PUTTING THE SALT INTO SALTIRE: VISIT TO COCKENZIE ON

21 SEPTEMBER 2022

1722 Waggonway Heritage Group chair Ed Bethune led a small group of us on a walking tour which took in Cockenzie Harbour, still a pleasant spot but after being rebuilt by Robert Stevenson in 1833 a hive of activity with shipbuilding, fishwives and a thriving trade in coal dropped in a chute to a paddle-steamer the Tulliallan Castle which conveyed it to Fife. 

Coal whether for local use or export was a valuable commodity whose security was assured by a night watchman and a perimeter wall. Waggons downloaded in a coalfauld were delivered from the Tranent coalfield by gravity along a waggonway, with horses to pull the empty waggons back uphill, and a series of turntables allowed them to be shunted around the harbour. We saw the holes in stone sleepers where primitive points allowed switching of routes.

Assets that had been sequestered from the Earl of Winton after the 1715 Jacobite Rising were developed by the York Buildings Company, originally created in the 1680s to pump water from the Thames. They recognised the efficiency that would be provided by Scotland's first waggonway from Tranent across marshland via the Cockenzie Saltpans to Port Seton Harbour. The wooden rails had to be frequently replaced and the gauge altered, and in 1745 traffic was interrupted when the Battle of Prestonpans was fought across the track.

The York Buildings Company faded away, and ownership of this part of the Winton estates passed in 1779 into the hands of the Cadells of Cockenzie. It was they who, following the destruction of nearby Port Seton Harbour in a storm, commissioned the Stevensons working in partnership with William Adam to renew the line to Cockenzie Harbour using fish-belly rails held in place by iron chairs bolted to the stone sleeper blocks. 

The monks of Newbattle had pioneered saltpanning as long ago as the 1200s, with the Earl of Winton arriving on the scene in 1630. Natural evaporation was not possible in our climate, but Ed showed us the excavated base of a pan where brine was boiled with the addition of eggwhite as a coagulant. Products included Oil of Salt, which was claimed to be a tonic for tired feet. 

Scotland’s salt production was largely wiped out after a repeal of salt duty in the 1820s, when rock salt from the Continent rapidly flooded the market. With the arrival of the mainline railway, the Waggonway became absorbed into it, and on the decline of coal mining heavy industry ended in the 1960s.

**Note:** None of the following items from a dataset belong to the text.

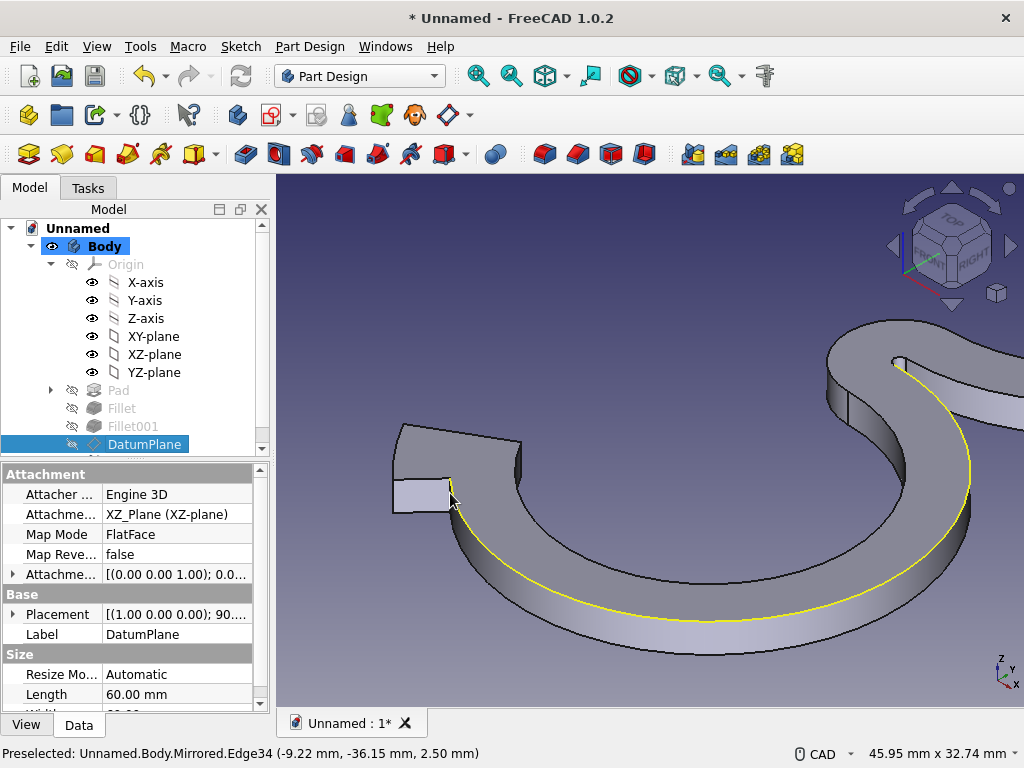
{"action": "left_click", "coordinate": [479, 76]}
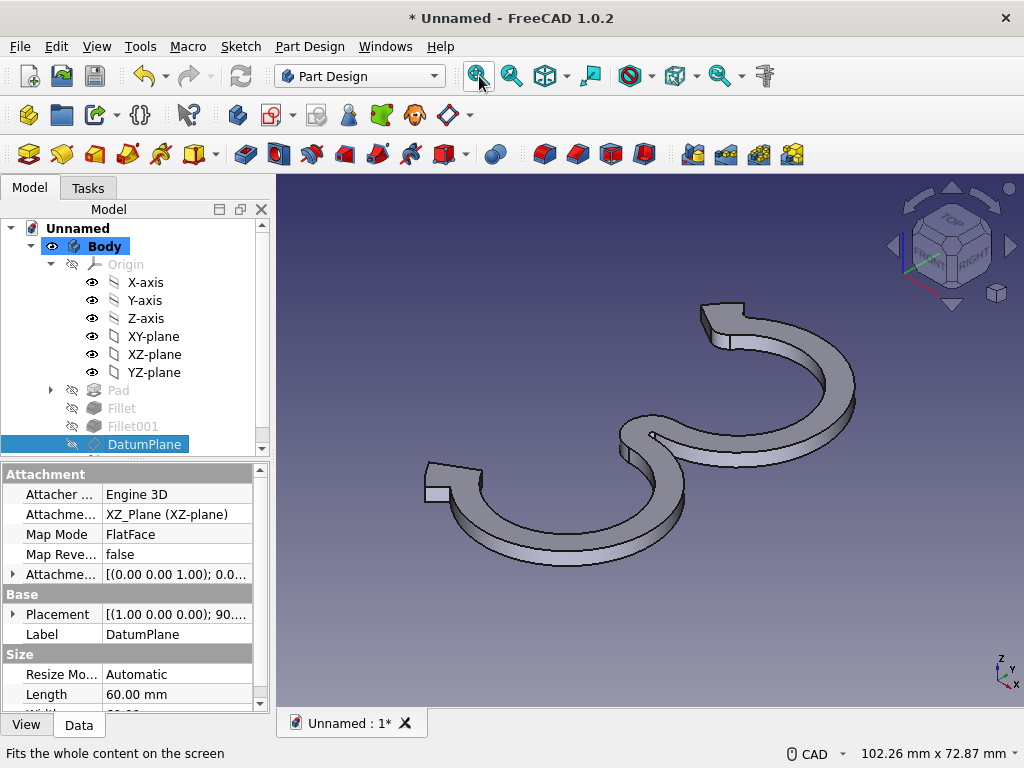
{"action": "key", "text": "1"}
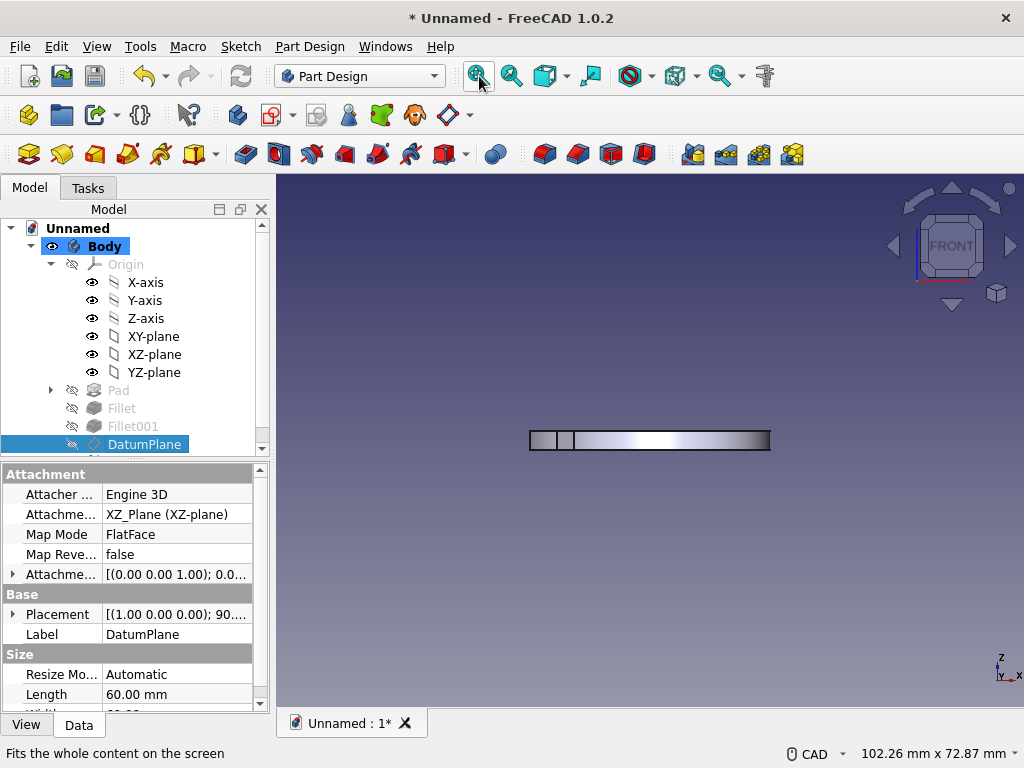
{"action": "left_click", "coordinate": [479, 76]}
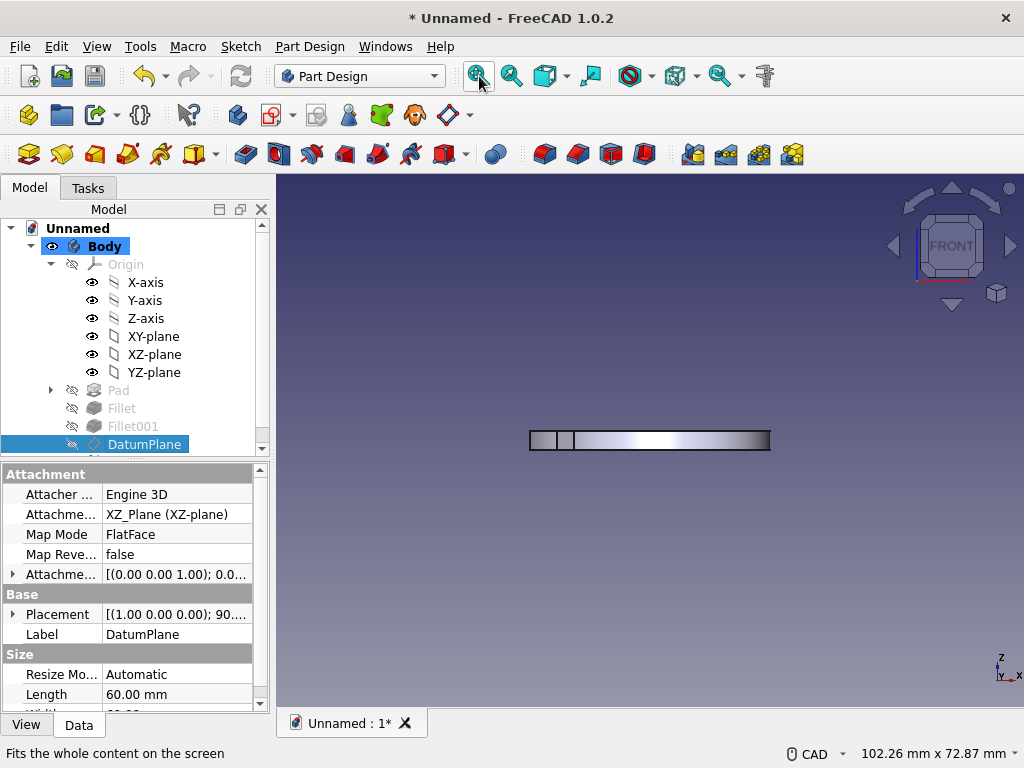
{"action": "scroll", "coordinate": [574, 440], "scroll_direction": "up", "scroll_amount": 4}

The Waggonway Heritage Group was formed as recently as 2015, and promotes an annual community dig which has featured on Prof Alice Roberts' BBC2 series Digging for Britain. Its Heritage Museum and Workshop (in a building owned by our member Willie Archibald who was present) is open every weekend in the warmer months and hosts a series of events such as talks and member socials. Latest achievement is publication of "The Work Journals of William Dickson, Wright at Cockenzie 1717-45".